5    As the State submitted, however, I also found that the claimants “do not possess rights and interests under traditional laws and customs which give them a connection with the land and waters of the overlap area, because the pre-sovereignty normative system of law and custom has not continued” (at [530]-[533] and [538]-[671]). These circumstances involve considerations different from those expressed by Lindgren J in Harrington-Smith on behalf of the Wongatha People v State of Western Australia (No 9) (2007) 238 ALR 1; [2007] FCA 31 at [4005]-[4007] in which his Honour contemplated that, on the evidence, alternative claimant applications might be conceivable.

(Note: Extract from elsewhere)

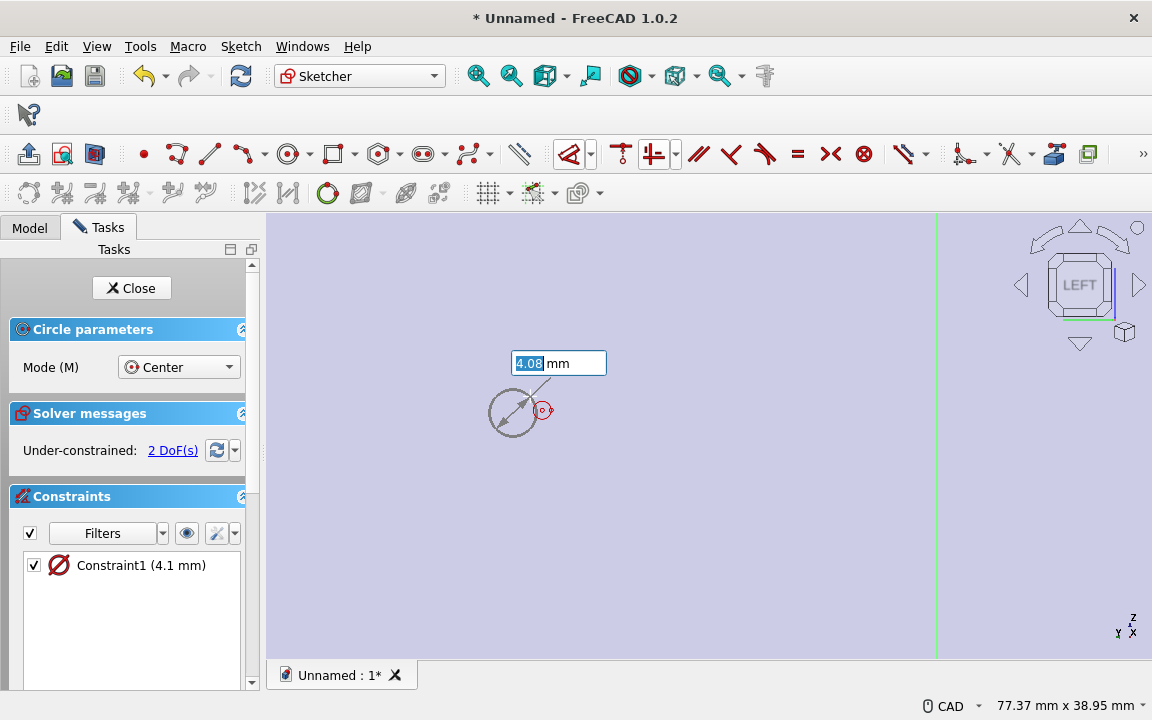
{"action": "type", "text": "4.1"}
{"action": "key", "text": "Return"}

6    Weighing up these considerations, I consider it appropriate in the circumstances of the present case that I make a determination under s 225 of the NTA that native title does not exist in relation to the overlap area. The State should be directed to provide the form of determination it seeks as soon as possible.

I certify that the preceding six (6) numbered paragraphs are a true copy of the Reasons for Judgment herein of the Honourable Justice Jagot.